Start of MATERIALS PROVIDED

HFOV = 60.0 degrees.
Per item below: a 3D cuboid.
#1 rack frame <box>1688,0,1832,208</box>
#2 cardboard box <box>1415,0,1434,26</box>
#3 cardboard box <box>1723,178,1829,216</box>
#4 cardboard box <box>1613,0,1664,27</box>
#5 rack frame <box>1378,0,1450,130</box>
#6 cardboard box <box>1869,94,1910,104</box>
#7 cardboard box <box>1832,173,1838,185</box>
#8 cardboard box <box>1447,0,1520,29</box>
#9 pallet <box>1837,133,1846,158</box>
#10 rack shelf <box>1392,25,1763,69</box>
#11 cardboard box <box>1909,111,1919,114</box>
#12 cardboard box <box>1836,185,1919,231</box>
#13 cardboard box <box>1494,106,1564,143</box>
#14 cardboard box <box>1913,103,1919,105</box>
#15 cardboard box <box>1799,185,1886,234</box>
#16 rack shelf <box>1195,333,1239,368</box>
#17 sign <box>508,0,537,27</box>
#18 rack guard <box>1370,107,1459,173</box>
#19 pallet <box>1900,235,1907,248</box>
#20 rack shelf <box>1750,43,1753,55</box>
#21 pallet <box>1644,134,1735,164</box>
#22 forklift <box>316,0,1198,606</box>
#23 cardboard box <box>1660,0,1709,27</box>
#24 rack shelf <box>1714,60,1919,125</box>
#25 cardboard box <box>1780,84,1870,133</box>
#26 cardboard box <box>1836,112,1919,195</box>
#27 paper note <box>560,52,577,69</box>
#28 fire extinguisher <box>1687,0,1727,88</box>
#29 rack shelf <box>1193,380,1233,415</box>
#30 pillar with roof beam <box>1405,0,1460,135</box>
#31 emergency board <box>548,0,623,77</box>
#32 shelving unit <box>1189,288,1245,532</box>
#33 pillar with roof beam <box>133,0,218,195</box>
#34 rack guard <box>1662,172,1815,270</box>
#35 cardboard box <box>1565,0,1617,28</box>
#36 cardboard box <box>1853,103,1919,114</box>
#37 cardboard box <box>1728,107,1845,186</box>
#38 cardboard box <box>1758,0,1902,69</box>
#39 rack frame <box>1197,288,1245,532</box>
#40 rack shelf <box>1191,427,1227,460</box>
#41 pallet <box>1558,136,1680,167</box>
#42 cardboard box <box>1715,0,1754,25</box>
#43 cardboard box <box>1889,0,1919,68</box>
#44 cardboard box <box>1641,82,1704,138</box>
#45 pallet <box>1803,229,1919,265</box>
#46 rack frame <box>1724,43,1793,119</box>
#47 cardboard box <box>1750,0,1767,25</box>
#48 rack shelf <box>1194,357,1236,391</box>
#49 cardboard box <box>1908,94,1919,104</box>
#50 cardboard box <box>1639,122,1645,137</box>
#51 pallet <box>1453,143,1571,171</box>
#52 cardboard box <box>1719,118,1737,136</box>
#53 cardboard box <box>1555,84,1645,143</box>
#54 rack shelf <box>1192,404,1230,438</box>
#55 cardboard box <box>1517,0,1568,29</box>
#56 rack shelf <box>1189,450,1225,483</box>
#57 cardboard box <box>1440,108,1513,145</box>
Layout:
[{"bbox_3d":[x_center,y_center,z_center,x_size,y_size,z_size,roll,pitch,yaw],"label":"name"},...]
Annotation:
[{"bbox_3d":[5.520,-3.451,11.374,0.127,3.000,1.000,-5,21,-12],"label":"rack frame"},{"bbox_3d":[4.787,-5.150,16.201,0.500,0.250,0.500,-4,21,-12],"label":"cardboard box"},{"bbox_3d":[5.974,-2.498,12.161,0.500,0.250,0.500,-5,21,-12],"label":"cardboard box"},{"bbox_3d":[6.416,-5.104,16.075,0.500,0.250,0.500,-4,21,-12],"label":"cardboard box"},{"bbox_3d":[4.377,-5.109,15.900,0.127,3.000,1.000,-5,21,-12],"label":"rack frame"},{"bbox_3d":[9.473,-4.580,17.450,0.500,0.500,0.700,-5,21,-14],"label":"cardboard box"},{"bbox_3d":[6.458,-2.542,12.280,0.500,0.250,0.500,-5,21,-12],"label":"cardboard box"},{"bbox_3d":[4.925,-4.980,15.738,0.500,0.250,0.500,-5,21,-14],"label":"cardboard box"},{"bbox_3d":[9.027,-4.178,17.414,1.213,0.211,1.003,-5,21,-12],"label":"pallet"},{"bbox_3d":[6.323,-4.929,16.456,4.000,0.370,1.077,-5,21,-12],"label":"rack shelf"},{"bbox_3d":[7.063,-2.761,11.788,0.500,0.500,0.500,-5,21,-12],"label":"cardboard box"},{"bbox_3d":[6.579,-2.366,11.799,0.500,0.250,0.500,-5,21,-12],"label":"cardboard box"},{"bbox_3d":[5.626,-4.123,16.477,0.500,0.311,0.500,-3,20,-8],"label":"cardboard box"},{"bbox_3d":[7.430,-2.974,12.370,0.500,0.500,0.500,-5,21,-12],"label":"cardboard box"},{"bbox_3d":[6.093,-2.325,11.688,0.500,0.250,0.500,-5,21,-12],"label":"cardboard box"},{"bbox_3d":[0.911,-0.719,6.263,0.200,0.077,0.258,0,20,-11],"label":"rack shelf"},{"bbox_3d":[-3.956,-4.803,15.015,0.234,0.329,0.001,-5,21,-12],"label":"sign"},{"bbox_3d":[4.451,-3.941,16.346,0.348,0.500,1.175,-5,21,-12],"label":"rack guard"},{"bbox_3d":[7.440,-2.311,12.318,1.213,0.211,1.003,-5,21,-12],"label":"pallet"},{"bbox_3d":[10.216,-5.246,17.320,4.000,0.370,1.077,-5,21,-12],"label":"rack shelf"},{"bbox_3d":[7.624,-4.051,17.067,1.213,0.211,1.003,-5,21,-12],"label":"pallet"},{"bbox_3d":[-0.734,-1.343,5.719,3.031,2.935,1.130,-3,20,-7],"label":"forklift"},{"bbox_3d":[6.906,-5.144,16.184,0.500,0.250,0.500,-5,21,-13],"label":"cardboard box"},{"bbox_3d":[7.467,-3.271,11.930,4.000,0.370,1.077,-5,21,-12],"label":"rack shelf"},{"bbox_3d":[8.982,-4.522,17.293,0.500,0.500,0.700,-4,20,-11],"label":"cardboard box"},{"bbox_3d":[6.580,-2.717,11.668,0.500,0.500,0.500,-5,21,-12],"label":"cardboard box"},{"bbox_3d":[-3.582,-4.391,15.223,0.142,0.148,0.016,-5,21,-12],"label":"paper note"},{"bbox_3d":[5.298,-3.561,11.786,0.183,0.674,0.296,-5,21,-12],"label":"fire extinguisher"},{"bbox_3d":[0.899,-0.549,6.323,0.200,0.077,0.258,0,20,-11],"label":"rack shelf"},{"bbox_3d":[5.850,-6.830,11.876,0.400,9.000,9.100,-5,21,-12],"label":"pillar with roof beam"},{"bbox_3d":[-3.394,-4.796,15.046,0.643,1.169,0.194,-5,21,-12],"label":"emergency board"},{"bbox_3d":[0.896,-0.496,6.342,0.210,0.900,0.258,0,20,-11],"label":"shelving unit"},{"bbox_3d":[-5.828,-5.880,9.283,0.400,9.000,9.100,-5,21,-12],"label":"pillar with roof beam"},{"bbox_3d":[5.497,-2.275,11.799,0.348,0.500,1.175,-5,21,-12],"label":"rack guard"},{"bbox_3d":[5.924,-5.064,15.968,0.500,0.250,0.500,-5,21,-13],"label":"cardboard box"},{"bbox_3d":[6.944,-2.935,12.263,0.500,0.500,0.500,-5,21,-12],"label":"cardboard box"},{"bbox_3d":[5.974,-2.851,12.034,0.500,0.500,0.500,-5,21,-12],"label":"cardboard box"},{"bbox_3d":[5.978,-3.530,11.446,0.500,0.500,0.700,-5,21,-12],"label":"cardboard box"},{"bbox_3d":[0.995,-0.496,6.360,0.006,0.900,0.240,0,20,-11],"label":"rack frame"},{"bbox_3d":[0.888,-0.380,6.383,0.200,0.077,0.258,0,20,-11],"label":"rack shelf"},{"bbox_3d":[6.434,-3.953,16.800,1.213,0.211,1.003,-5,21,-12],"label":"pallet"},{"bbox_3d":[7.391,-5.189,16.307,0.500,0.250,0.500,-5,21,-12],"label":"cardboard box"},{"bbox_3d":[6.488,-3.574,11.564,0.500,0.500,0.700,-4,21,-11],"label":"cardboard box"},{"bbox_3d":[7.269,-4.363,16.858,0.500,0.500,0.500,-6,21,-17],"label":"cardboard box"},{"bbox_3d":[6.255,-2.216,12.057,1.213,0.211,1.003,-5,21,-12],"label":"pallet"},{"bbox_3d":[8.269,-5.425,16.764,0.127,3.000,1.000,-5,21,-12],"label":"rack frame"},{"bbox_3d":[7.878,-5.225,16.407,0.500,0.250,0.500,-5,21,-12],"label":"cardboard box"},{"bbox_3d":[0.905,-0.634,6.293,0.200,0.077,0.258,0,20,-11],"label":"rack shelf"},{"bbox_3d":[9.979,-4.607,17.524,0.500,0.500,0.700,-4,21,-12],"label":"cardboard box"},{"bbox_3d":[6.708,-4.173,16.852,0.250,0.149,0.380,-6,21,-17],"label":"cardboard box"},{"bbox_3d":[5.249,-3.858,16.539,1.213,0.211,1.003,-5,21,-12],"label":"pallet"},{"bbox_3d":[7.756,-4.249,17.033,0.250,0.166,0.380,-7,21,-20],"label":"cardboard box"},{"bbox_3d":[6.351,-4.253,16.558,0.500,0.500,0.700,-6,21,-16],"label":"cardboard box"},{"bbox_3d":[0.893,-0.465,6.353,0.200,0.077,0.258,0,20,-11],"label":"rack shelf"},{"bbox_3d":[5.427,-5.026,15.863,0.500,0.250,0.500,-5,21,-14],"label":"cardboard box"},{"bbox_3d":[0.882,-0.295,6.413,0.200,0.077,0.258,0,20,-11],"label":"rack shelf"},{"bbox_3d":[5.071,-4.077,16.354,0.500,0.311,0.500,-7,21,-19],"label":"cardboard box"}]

End of MATERIALS PROVIDED

* REQUIRED WORK *
Only the lines above from the one with "#39 rack frame <box>1197,288,1245,532</box>" up to and including the one with "#44 cardboard box <box>1641,82,1704,138</box>" should be repeated, exactly as written.

* ANSWER BOX *
#39 rack frame <box>1197,288,1245,532</box>
#40 rack shelf <box>1191,427,1227,460</box>
#41 pallet <box>1558,136,1680,167</box>
#42 cardboard box <box>1715,0,1754,25</box>
#43 cardboard box <box>1889,0,1919,68</box>
#44 cardboard box <box>1641,82,1704,138</box>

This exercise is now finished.